* _TASK GOAL_
The expected answer is every line of the material that contains the word "high".
====== MATERIAL FOR THE TASK
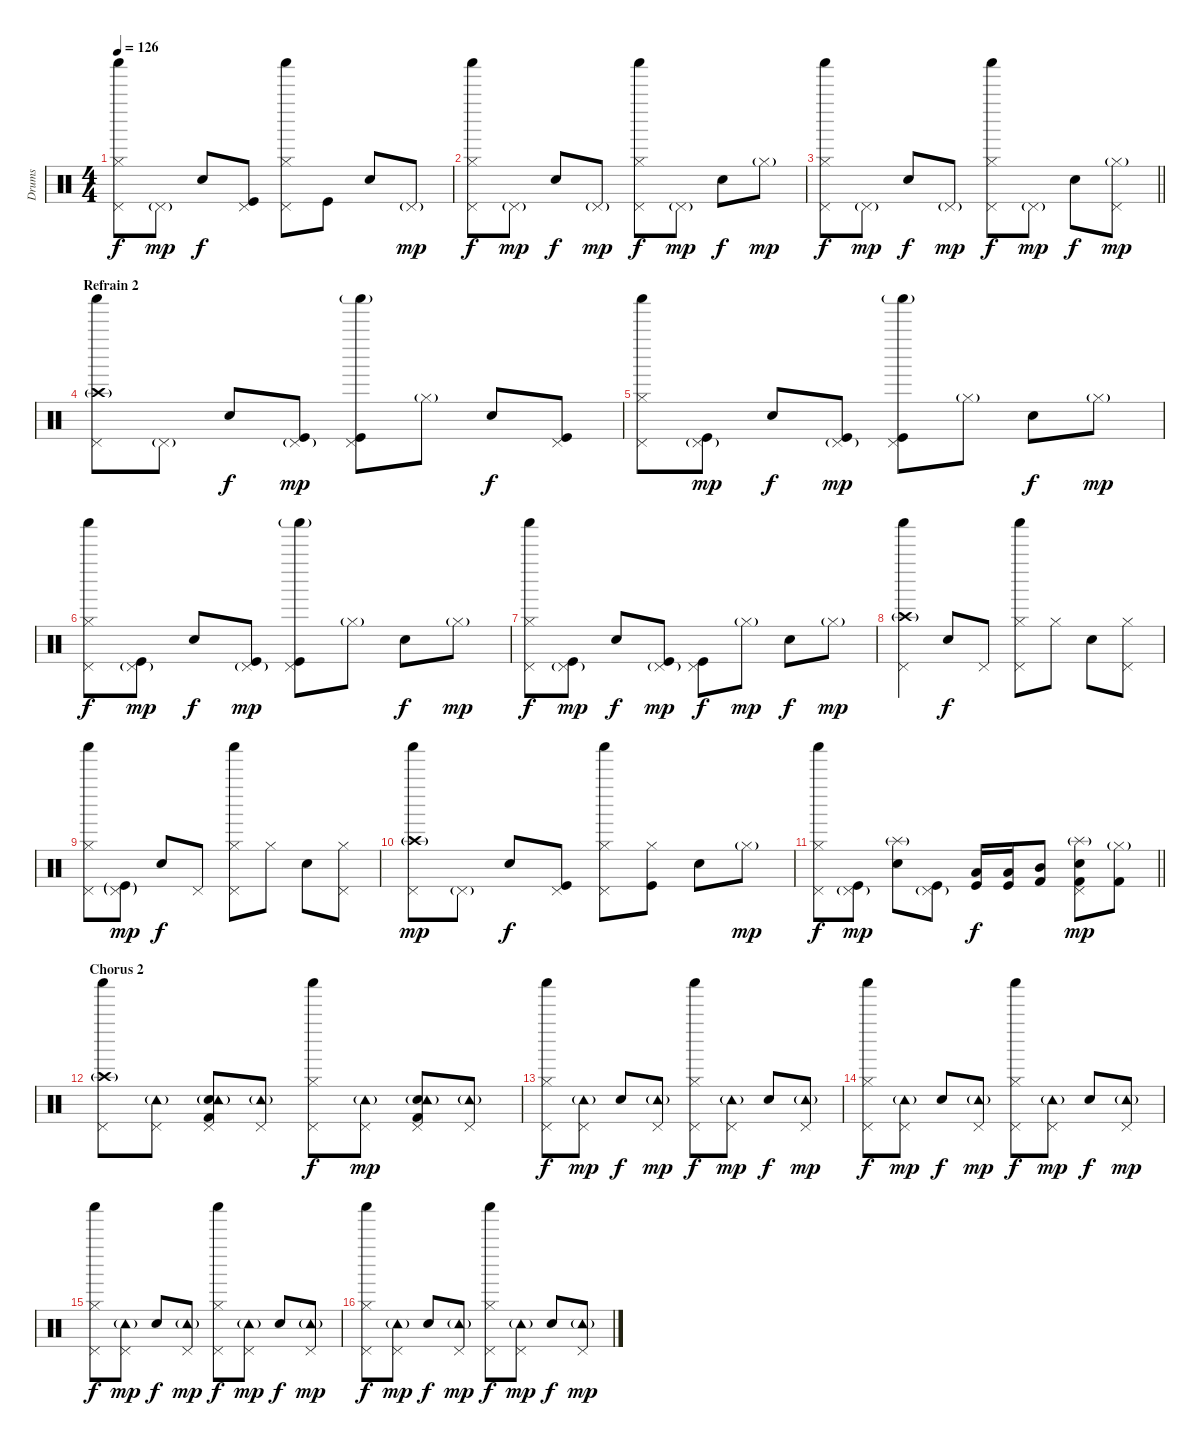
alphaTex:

\track ("Drums" "Drums") {instrument percussion}
\staff {score}
\articulation defaults
\ts (4 4)
\tempo 126
\clef neutral
\ks c
("Hi-Hat (closed)" "Pedal Hi-Hat (hit)" "Shaker (hit)").8{dy f} "Pedal Hi-Hat (hit)"{g}.8{dy mp} "Electric Snare (hit)".8{dy f} ("Pedal Hi-Hat (hit)" "Kick (hit)").8 ("Hi-Hat (closed)" "Pedal Hi-Hat (hit)" "Shaker (hit)").8 "Kick (hit)".8 "Electric Snare (hit)".8 "Pedal Hi-Hat (hit)"{g}.8{dy mp} |
("Hi-Hat (closed)" "Pedal Hi-Hat (hit)" "Shaker (hit)").8{dy f} "Pedal Hi-Hat (hit)"{g}.8{dy mp} "Electric Snare (hit)".8{dy f} "Pedal Hi-Hat (hit)"{g}.8{dy mp} ("Hi-Hat (closed)" "Pedal Hi-Hat (hit)" "Shaker (hit)").8{dy f} "Pedal Hi-Hat (hit)"{g}.8{dy mp} "Electric Snare (hit)".8{dy f} "Hi-Hat (closed)"{g}.8{dy mp} |
\barLineRight lightlight
("Hi-Hat (closed)" "Pedal Hi-Hat (hit)" "Shaker (hit)").8{dy f} "Pedal Hi-Hat (hit)"{g}.8{dy mp} "Electric Snare (hit)".8{dy f} "Pedal Hi-Hat (hit)"{g}.8{dy mp} ("Hi-Hat (closed)" "Pedal Hi-Hat (hit)" "Shaker (hit)").8{dy f} "Pedal Hi-Hat (hit)"{g}.8{dy mp} "Electric Snare (hit)".8{dy f} ("Hi-Hat (closed)"{g} "Pedal Hi-Hat (hit)").8{dy mp} |
\section ("" "Refrain 2")
("Crash high (hit)"{g} "Pedal Hi-Hat (hit)" "Shaker (hit)").8 "Pedal Hi-Hat (hit)"{g}.8 "Electric Snare (hit)".8{dy f} ("Pedal Hi-Hat (hit)"{g} "Kick (hit)").8{dy mp} ("Pedal Hi-Hat (hit)" "Kick (hit)" "Shaker (hit)"{g}).8 "Hi-Hat (closed)"{g}.8 "Electric Snare (hit)".8{dy f} ("Pedal Hi-Hat (hit)" "Kick (hit)").8 |
("Hi-Hat (closed)" "Pedal Hi-Hat (hit)" "Shaker (hit)").8 ("Pedal Hi-Hat (hit)"{g} "Kick (hit)").8{dy mp} "Electric Snare (hit)".8{dy f} ("Pedal Hi-Hat (hit)"{g} "Kick (hit)").8{dy mp} ("Pedal Hi-Hat (hit)" "Kick (hit)" "Shaker (hit)"{g}).8 "Hi-Hat (closed)"{g}.8 "Electric Snare (hit)".8{dy f} "Hi-Hat (closed)"{g}.8{dy mp} |
("Hi-Hat (closed)" "Pedal Hi-Hat (hit)" "Shaker (hit)").8{dy f} ("Pedal Hi-Hat (hit)"{g} "Kick (hit)").8{dy mp} "Electric Snare (hit)".8{dy f} ("Pedal Hi-Hat (hit)"{g} "Kick (hit)").8{dy mp} ("Pedal Hi-Hat (hit)" "Kick (hit)" "Shaker (hit)"{g}).8 "Hi-Hat (closed)"{g}.8 "Electric Snare (hit)".8{dy f} "Hi-Hat (closed)"{g}.8{dy mp} |
("Hi-Hat (closed)" "Pedal Hi-Hat (hit)" "Shaker (hit)").8{dy f} ("Pedal Hi-Hat (hit)"{g} "Kick (hit)").8{dy mp} "Electric Snare (hit)".8{dy f} ("Pedal Hi-Hat (hit)"{g} "Kick (hit)").8{dy mp} ("Pedal Hi-Hat (hit)" "Kick (hit)").8{dy f} "Hi-Hat (closed)"{g}.8{dy mp} "Electric Snare (hit)".8{dy f} "Hi-Hat (closed)"{g}.8{dy mp} |
("Crash high (hit)"{g} "Pedal Hi-Hat (hit)" "Shaker (hit)").4 "Electric Snare (hit)".8{dy f} "Pedal Hi-Hat (hit)".8 ("Hi-Hat (closed)" "Pedal Hi-Hat (hit)" "Shaker (hit)").8 "Hi-Hat (closed)".8 "Electric Snare (hit)".8 ("Hi-Hat (closed)" "Pedal Hi-Hat (hit)").8 |
("Hi-Hat (closed)" "Pedal Hi-Hat (hit)" "Shaker (hit)").8 ("Pedal Hi-Hat (hit)"{g} "Kick (hit)"{g}).8{dy mp} "Electric Snare (hit)".8{dy f} "Pedal Hi-Hat (hit)".8 ("Hi-Hat (closed)" "Pedal Hi-Hat (hit)" "Shaker (hit)").8 "Hi-Hat (closed)".8 "Electric Snare (hit)".8 ("Hi-Hat (closed)" "Pedal Hi-Hat (hit)").8 |
("Crash high (hit)"{g} "Pedal Hi-Hat (hit)" "Shaker (hit)").8{dy mp} "Pedal Hi-Hat (hit)"{g}.8 "Electric Snare (hit)".8{dy f} ("Pedal Hi-Hat (hit)" "Kick (hit)").8 ("Hi-Hat (closed)" "Pedal Hi-Hat (hit)" "Shaker (hit)").8 ("Hi-Hat (closed)" "Kick (hit)").8 "Electric Snare (hit)".8 "Hi-Hat (closed)"{g}.8{dy mp} |
\barLineRight lightlight
("Hi-Hat (closed)" "Pedal Hi-Hat (hit)" "Shaker (hit)").8{dy f} ("Pedal Hi-Hat (hit)"{g} "Kick (hit)").8{dy mp} ("Electric Snare (hit)" "Splash (hit)"{g}).8 ("Pedal Hi-Hat (hit)"{g} "Kick (hit)").8 ("Low Tom (hit)" "Kick (hit)").16{dy f} ("Low Tom (hit)" "Kick (hit)").16 ("Mid Tom (hit)" "Kick (hit) 2").8 ("Pedal Hi-Hat (hit)" "Electric Snare (hit)" "Kick (hit) 2" "Splash (hit)"{g}).8{dy mp} ("Hi-Hat (closed)"{g} "Kick (hit) 2").8 |
\section ("" "Chorus 2")
("Crash high (hit)"{g} "Pedal Hi-Hat (hit)" "Shaker (hit)").8 ("Pedal Hi-Hat (hit)" "Tambourine (hit)"{g}).8 ("Pedal Hi-Hat (hit)" "Electric Snare (hit)" "Kick (hit) 2" "Tambourine (hit)"{g}).8 ("Pedal Hi-Hat (hit)" "Tambourine (hit)"{g}).8 ("Hi-Hat (closed)" "Pedal Hi-Hat (hit)" "Shaker (hit)").8{dy f} ("Pedal Hi-Hat (hit)" "Tambourine (hit)"{g}).8{dy mp} ("Pedal Hi-Hat (hit)" "Electric Snare (hit)" "Kick (hit) 2" "Tambourine (hit)"{g}).8 ("Pedal Hi-Hat (hit)" "Tambourine (hit)"{g}).8 |
("Hi-Hat (closed)" "Pedal Hi-Hat (hit)" "Shaker (hit)").8{dy f} ("Pedal Hi-Hat (hit)" "Tambourine (hit)"{g}).8{dy mp} "Electric Snare (hit)".8{dy f} ("Pedal Hi-Hat (hit)" "Tambourine (hit)"{g}).8{dy mp} ("Hi-Hat (closed)" "Pedal Hi-Hat (hit)" "Shaker (hit)").8{dy f} ("Pedal Hi-Hat (hit)" "Tambourine (hit)"{g}).8{dy mp} "Electric Snare (hit)".8{dy f} ("Pedal Hi-Hat (hit)" "Tambourine (hit)"{g}).8{dy mp} |
("Hi-Hat (closed)" "Pedal Hi-Hat (hit)" "Shaker (hit)").8{dy f} ("Pedal Hi-Hat (hit)" "Tambourine (hit)"{g}).8{dy mp} "Electric Snare (hit)".8{dy f} ("Pedal Hi-Hat (hit)" "Tambourine (hit)"{g}).8{dy mp} ("Hi-Hat (closed)" "Pedal Hi-Hat (hit)" "Shaker (hit)").8{dy f} ("Pedal Hi-Hat (hit)" "Tambourine (hit)"{g}).8{dy mp} "Electric Snare (hit)".8{dy f} ("Pedal Hi-Hat (hit)" "Tambourine (hit)"{g}).8{dy mp} |
("Hi-Hat (closed)" "Pedal Hi-Hat (hit)" "Shaker (hit)").8{dy f} ("Pedal Hi-Hat (hit)" "Tambourine (hit)"{g}).8{dy mp} "Electric Snare (hit)".8{dy f} ("Pedal Hi-Hat (hit)" "Tambourine (hit)"{g}).8{dy mp} ("Hi-Hat (closed)" "Pedal Hi-Hat (hit)" "Shaker (hit)").8{dy f} ("Pedal Hi-Hat (hit)" "Tambourine (hit)"{g}).8{dy mp} "Electric Snare (hit)".8{dy f} ("Pedal Hi-Hat (hit)" "Tambourine (hit)"{g}).8{dy mp} |
("Hi-Hat (closed)" "Pedal Hi-Hat (hit)" "Shaker (hit)").8{dy f} ("Pedal Hi-Hat (hit)" "Tambourine (hit)"{g}).8{dy mp} "Electric Snare (hit)".8{dy f} ("Pedal Hi-Hat (hit)" "Tambourine (hit)"{g}).8{dy mp} ("Hi-Hat (closed)" "Pedal Hi-Hat (hit)" "Shaker (hit)").8{dy f} ("Pedal Hi-Hat (hit)" "Tambourine (hit)"{g}).8{dy mp} "Electric Snare (hit)".8{dy f} ("Pedal Hi-Hat (hit)" "Tambourine (hit)"{g}).8{dy mp}
============
* _OUTPUT BELOW_
("Crash high (hit)"{g} "Pedal Hi-Hat (hit)" "Shaker (hit)").8 "Pedal Hi-Hat (hit)"{g}.8 "Electric Snare (hit)".8{dy f} ("Pedal Hi-Hat (hit)"{g} "Kick (hit)").8{dy mp} ("Pedal Hi-Hat (hit)" "Kick (hit)" "Shaker (hit)"{g}).8 "Hi-Hat (closed)"{g}.8 "Electric Snare (hit)".8{dy f} ("Pedal Hi-Hat (hit)" "Kick (hit)").8 |
("Crash high (hit)"{g} "Pedal Hi-Hat (hit)" "Shaker (hit)").4 "Electric Snare (hit)".8{dy f} "Pedal Hi-Hat (hit)".8 ("Hi-Hat (closed)" "Pedal Hi-Hat (hit)" "Shaker (hit)").8 "Hi-Hat (closed)".8 "Electric Snare (hit)".8 ("Hi-Hat (closed)" "Pedal Hi-Hat (hit)").8 |
("Crash high (hit)"{g} "Pedal Hi-Hat (hit)" "Shaker (hit)").8{dy mp} "Pedal Hi-Hat (hit)"{g}.8 "Electric Snare (hit)".8{dy f} ("Pedal Hi-Hat (hit)" "Kick (hit)").8 ("Hi-Hat (closed)" "Pedal Hi-Hat (hit)" "Shaker (hit)").8 ("Hi-Hat (closed)" "Kick (hit)").8 "Electric Snare (hit)".8 "Hi-Hat (closed)"{g}.8{dy mp} |
("Crash high (hit)"{g} "Pedal Hi-Hat (hit)" "Shaker (hit)").8 ("Pedal Hi-Hat (hit)" "Tambourine (hit)"{g}).8 ("Pedal Hi-Hat (hit)" "Electric Snare (hit)" "Kick (hit) 2" "Tambourine (hit)"{g}).8 ("Pedal Hi-Hat (hit)" "Tambourine (hit)"{g}).8 ("Hi-Hat (closed)" "Pedal Hi-Hat (hit)" "Shaker (hit)").8{dy f} ("Pedal Hi-Hat (hit)" "Tambourine (hit)"{g}).8{dy mp} ("Pedal Hi-Hat (hit)" "Electric Snare (hit)" "Kick (hit) 2" "Tambourine (hit)"{g}).8 ("Pedal Hi-Hat (hit)" "Tambourine (hit)"{g}).8 |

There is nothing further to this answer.